Either way, our results provide a biologically plausible mechanism which could explain the mechanism underlying the loss in motivation associated with regular long-term cannabis use.
How was your research funded?
Our research was funded by a grant from the Medical Research Council (United Kingdom) to Dr Oliver Howes, a National Institute of Health Research Biomedical Research Council grant to King’s College London, and a Medical Research Council (United Kingdom) grant to Professor Valerie Curran and Dr Celia Morgan.
Do you have plans for further research into this field?
Yes, we’re doing some additional analyses on our study looking at both motivation and other possible mechanisms underlying the link between cannabis and psychotic-like symptoms.
My colleagues at University College London are continuing their research into how the chemicals in cannabis affect the brain and I very much hope to collaborate with them again.
Dr Howes has a research programme at Hammersmith Hospital investigating the chemical changes associated with a range of mental health problems, which I’m actively involved in.
Where can readers find more information?
I’d point readers to the main article itself which is published in the journal Biological Psychiatry. This should be made freely available to the general public in due course.
If people would like further information about some of the mental health issues raised like cannabis and schizophrenia, the Royal College of Psychiatrists has some really useful information on its website (www.rcpsych.ac.uk).
If readers are concerned about their own or a loved one’s mental health I would recommend they speak to their family doctor or psychiatrist.
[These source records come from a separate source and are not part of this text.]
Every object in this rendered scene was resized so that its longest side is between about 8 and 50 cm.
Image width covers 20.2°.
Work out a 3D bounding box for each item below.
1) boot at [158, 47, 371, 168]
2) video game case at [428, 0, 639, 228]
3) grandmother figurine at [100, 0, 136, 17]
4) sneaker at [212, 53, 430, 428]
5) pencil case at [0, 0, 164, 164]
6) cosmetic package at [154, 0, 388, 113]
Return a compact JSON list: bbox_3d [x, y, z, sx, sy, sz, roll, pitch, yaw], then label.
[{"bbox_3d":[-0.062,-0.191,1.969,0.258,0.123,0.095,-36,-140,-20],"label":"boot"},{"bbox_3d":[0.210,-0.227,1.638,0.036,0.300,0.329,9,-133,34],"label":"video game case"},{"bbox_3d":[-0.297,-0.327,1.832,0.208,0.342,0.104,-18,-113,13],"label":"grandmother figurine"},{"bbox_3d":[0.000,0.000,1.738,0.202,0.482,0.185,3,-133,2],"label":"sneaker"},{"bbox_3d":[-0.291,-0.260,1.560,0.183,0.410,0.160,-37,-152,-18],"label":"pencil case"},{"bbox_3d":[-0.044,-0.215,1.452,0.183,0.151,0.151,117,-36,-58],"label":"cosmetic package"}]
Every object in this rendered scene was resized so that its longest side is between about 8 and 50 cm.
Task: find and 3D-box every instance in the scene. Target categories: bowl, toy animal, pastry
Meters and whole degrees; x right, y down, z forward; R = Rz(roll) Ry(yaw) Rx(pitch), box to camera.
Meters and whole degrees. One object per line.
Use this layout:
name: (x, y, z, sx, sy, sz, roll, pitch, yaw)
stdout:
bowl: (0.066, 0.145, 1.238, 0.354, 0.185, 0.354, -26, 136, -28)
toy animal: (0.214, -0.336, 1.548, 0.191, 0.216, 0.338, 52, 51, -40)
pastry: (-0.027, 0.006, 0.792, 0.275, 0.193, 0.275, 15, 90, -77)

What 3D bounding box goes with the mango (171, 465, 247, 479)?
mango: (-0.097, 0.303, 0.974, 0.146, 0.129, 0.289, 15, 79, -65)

About Dr Michael Bloomfield
Michael studied Natural Sciences at Corpus Christi College, University of Oxford taking specialist papers in Pharmacology, Systems Neuroscience and Behavioural Neuroscience. Whilst an undergraduate he was tutored in Physiology by Professor Chris Ashley and in Pharmacology by Professor Trevor Sharp. He also studied the History and Philosophy of Science and Technology.
Michael then continued his studies at Oxford, studying Clinical Medicine. Whilst at medical school Michael studied Psychiatric research in Melbourne, Australia, and studied evolutionary theories of schizophrenia under Professor Tim Crow.
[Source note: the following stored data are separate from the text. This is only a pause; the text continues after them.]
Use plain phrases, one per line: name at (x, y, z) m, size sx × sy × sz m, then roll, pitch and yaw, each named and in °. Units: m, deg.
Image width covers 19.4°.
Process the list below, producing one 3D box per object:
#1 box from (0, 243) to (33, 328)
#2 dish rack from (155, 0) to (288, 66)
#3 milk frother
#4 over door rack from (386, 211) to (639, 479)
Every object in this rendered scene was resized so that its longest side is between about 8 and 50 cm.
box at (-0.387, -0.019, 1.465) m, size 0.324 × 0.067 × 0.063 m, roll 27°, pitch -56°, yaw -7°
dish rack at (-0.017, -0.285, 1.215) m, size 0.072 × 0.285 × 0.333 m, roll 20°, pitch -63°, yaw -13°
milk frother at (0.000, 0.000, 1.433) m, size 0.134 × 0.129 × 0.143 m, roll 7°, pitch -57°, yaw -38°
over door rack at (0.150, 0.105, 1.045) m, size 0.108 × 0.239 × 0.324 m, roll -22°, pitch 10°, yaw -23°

Michael completed his early medical jobs in London and in the Channel Islands, where he worked as a flight doctor on Jersey’s air ambulance.
Michael began his specialty training in Psychiatry in London before taking up a Medical Research Council Clinical Research Fellowship with Dr Oliver Howes at the MRC Clinical Sciences Centre within Imperial College’s Hammersmith Hospital campus.
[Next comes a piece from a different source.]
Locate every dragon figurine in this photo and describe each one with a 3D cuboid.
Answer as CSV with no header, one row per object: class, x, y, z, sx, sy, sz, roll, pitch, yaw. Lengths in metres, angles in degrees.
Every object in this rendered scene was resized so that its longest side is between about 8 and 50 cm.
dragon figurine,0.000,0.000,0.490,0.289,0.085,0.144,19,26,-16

Michael is also a Visiting Research Fellow at the Institute of Psychiatry. He has worked as an Honorary Specialty Registrar in Psychiatry in the TREAT clinic for treatment-resistant schizophrenia at the Maudsley hospital with Dr Howes and Professor Shitij Kapur and in Psychotherapy under Dr Anne Patterson at Chelsea & Westminster Hospital.
Michael is a trainee associate of the Royal College of Psychiatry, a young fellow of the Royal Society of Medicine and a trainee member of the British Association of Psychopharmacology, the European College of Neuropsychopharmacology and the Schizophrenia International Research Society.
Away from London Michael is a qualified aeroplane pilot and enjoys travelling.